Post by Daleif everything has a wave/particle duality, what are the particles of
spacetime? and their anti-particles?
I don't think the standard particle model addresses this
The Natural or Planck Units seem to address this. A Planck Length seems
to be the ultimate smallest unit of space, while a Planck Time is the
ultimate smallest unit of time. It doesn't mean that you can't invent
numbers smaller than this, they simply won't have any meaning below the
Planck level.
It's a controversial subject, many traditionalists don't believe in
Planck units as being anything more than a mathematical curiosity. That
space and time must extend down infinitesimally. Others think Planck
Units are telling us something fundamental about the universe.
Superstring Theory, with all of its controversy, may be right about one
thing, it envisions its fundamental objects, the strings, as being about
1 Planck Length in size. Some of the strings may grow & inflate to
larger than 1 Planck Length, but none may shrink below it. Even if
Superstring Theory is disproved, this aspect may remain in any other
next-generation theory.
My own take on this is that space and time are just our way of
interpreting the minimum distances between particles (either energy or
matter), and the minimum movements of these particles, respectively. If
no two particles of anything can occupy the exact same space, then the
Planck Length is the minimum space between any two particles. If
particles are moving about, the minimum movement step would have to be
between two adjacent Planck Lengths, and the amount of time that passes
between these two steps is the Planck Time.
Post by Daleif space is "nothing", what is on the other side of "nothing", more
"nothing"? space would be some set having a cardinality/ordinality of
infinity, but "nothing" is the null-set and would only exist in
philosophical logic and philosophical mathematics, this is a contradiction
Space is a very special nothing, because it's filled with lots of stuff.
Our traditional definition of a vacuum was any volume of space that has
no matter in it.
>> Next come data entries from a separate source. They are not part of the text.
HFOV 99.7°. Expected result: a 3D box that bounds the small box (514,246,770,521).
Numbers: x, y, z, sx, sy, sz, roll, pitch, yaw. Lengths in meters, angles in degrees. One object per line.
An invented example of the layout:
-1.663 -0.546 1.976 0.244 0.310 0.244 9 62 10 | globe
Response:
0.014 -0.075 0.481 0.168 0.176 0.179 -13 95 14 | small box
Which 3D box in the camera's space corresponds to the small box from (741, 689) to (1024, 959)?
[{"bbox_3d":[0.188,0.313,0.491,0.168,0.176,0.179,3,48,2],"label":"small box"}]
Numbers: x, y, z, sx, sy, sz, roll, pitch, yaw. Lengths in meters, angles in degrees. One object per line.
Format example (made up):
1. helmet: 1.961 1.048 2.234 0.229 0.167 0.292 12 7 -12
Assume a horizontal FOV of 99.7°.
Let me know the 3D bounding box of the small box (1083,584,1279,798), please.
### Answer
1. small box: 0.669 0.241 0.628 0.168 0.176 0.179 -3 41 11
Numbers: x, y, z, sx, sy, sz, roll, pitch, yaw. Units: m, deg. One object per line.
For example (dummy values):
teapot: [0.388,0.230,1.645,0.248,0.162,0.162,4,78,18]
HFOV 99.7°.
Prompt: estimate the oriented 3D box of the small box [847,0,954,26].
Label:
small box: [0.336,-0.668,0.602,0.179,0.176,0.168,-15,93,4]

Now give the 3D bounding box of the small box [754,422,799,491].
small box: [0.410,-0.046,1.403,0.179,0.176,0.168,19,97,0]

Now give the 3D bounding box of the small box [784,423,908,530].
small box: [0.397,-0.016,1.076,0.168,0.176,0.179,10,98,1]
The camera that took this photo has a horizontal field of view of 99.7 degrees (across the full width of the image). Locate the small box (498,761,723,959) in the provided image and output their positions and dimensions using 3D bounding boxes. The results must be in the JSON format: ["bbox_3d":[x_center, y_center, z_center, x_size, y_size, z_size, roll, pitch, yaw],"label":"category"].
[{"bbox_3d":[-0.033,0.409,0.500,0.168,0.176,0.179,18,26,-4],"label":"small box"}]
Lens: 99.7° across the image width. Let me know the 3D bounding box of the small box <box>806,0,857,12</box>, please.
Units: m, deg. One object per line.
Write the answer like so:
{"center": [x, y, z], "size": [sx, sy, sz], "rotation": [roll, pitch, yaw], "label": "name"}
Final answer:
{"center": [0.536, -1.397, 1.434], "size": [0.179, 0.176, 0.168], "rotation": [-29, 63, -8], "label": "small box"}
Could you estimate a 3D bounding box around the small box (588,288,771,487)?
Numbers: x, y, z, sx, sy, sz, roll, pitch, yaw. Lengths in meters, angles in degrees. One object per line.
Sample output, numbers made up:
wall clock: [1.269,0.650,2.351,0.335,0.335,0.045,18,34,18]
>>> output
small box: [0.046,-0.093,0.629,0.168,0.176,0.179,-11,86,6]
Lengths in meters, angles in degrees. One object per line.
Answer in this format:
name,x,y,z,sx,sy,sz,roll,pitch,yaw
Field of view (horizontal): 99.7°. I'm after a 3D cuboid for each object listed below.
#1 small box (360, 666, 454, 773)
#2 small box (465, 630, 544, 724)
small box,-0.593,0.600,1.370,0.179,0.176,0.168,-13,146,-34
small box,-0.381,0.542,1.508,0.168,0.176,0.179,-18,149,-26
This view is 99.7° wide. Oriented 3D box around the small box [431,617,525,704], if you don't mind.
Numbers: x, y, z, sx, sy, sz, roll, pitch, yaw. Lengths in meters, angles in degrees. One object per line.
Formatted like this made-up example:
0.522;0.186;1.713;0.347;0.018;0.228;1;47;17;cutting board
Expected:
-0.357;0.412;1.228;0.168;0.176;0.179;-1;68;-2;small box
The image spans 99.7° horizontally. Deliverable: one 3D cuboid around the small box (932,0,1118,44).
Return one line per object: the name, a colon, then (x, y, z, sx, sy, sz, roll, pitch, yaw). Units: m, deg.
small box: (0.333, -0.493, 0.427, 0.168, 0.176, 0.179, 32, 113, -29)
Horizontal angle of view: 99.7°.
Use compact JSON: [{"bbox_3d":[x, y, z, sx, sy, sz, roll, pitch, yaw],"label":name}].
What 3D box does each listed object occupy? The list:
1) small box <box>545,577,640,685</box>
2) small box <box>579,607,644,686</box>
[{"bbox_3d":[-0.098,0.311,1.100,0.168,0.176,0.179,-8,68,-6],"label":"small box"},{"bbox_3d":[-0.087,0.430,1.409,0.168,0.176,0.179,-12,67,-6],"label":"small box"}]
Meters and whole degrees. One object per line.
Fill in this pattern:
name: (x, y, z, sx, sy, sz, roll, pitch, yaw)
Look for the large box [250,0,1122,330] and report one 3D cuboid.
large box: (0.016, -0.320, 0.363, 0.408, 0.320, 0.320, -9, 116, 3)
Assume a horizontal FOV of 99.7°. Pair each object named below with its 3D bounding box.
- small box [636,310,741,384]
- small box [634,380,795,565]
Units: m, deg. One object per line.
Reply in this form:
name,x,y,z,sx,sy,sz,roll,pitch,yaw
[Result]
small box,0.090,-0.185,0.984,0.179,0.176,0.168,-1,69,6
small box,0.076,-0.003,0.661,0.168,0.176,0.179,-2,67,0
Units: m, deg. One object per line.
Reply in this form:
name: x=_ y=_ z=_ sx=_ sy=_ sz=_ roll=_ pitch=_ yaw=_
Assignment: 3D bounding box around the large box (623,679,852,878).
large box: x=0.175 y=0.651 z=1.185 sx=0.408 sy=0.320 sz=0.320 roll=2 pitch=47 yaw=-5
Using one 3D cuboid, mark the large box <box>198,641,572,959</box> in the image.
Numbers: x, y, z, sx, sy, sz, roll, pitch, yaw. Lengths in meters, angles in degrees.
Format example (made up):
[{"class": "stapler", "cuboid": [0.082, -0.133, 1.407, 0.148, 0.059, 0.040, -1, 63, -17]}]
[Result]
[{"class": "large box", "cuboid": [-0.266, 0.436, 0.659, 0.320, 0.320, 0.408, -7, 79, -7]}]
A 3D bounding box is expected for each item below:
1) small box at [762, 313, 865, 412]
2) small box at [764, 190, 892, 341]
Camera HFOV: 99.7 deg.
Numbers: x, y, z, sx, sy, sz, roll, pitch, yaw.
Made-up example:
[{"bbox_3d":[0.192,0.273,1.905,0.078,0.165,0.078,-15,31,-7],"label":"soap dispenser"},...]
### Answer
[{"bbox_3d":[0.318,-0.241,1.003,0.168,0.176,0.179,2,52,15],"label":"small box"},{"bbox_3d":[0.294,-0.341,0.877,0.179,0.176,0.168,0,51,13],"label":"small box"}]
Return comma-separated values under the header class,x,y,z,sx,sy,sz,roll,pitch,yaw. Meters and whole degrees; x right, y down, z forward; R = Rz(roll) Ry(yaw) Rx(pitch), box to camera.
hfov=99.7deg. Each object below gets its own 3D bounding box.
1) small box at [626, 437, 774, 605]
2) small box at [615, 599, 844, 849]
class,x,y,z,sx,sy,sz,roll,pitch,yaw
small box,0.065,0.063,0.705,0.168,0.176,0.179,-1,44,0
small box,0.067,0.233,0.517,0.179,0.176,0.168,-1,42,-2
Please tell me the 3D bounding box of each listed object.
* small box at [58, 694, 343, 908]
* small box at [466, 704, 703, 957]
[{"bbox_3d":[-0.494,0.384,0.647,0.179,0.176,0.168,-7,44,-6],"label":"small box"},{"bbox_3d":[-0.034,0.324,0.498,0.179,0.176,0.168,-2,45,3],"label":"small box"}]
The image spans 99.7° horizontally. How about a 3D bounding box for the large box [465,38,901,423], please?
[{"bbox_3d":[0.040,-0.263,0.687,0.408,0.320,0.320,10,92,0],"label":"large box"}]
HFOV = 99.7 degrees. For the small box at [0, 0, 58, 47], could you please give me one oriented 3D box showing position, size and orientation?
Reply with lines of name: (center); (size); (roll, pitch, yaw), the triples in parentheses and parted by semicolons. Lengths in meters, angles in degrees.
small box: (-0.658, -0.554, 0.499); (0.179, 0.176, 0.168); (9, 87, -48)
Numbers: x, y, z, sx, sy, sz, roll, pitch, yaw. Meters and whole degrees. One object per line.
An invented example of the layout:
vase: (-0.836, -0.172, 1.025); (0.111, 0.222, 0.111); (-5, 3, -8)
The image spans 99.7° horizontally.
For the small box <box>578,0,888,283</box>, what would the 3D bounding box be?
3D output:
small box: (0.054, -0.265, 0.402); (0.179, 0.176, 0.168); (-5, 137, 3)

Well as of Einstein's Special Relativity, we've known
that matter is just a special form of energy (it's a phase of energy,
much like ice is a phase of water). Then as of the advent of Quantum
Mechanics (especially Quantum Electrodynamics) we've known that space
must be filled with energy -- huge amounts of energy as a matter of
fact. We call this energy the Quantum Vacuum Energy, or just Vacuum
Energy. This energy just exists because space exists: if space didn't
exist, this energy wouldn't exist either. So since we know matter and
energy are the same thing, if space is filled with energy everywhere,
then there really can't be any real vacuum anywhere in the universe.
Now think of my wording up above, "if space didn't exist, this energy
wouldn't exist either". This implies that space must exist as a
something. There doesn't exist a true nothingness. Mathematicians have
something that's less than nothing, which they call a null set: it's a
true zero, it's entirely abstract, just exists as a thought experiment.
But a true zero doesn't actually exist in this universe (or any other).
Post by Dalewould have to study the mathematics of general relativity to see how
time is proposed to fit in here ...
Time is a dimension just like any of the spatial dimensions, but it
happens to be the direction in which movements are measured. During the
Big Bang, this is the direction that was randomly chosen for the
momentum of the Big Bang to express itself.